> _Required work_: Extract the lines that carry the string "Answer" from the listing.
=== Section Start ===
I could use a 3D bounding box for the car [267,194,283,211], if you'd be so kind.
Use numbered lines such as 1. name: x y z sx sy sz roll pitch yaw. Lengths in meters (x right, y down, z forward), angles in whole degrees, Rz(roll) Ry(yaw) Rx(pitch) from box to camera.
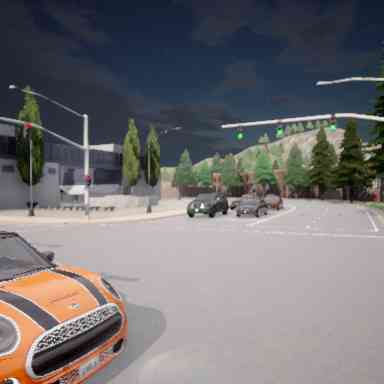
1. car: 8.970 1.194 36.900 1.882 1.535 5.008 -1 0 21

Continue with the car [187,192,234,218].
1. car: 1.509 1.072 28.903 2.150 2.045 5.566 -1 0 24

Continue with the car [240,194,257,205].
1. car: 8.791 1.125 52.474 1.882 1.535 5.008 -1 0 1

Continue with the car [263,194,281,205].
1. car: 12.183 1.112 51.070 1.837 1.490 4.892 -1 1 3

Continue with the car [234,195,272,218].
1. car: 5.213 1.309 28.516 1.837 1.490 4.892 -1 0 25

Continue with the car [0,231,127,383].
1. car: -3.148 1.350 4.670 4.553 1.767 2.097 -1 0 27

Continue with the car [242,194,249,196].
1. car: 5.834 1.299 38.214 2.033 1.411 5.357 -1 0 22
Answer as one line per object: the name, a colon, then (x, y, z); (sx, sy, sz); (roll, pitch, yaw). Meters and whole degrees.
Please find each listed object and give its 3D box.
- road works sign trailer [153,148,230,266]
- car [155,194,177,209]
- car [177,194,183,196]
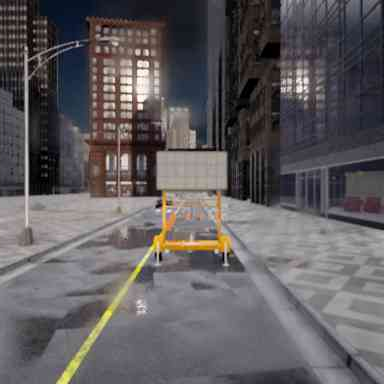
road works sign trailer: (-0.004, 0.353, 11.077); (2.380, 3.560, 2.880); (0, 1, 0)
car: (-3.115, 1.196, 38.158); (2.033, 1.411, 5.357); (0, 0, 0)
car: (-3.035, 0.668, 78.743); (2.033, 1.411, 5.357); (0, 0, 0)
=== Section End ===
=== Section Start ===
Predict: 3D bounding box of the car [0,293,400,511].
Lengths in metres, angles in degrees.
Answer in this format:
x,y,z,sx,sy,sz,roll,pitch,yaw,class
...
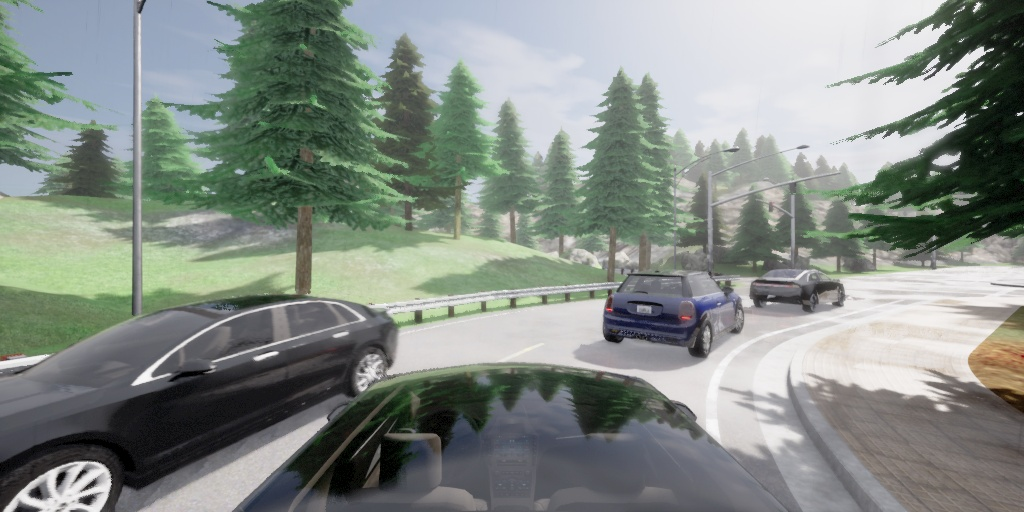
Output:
=== Section End ===
> _Response area_:
Answer as one line per object: the name, a colon, then (x, y, z); (sx, sy, sz); (roll, pitch, yaw). Meters and whole degrees.
Answer in this format:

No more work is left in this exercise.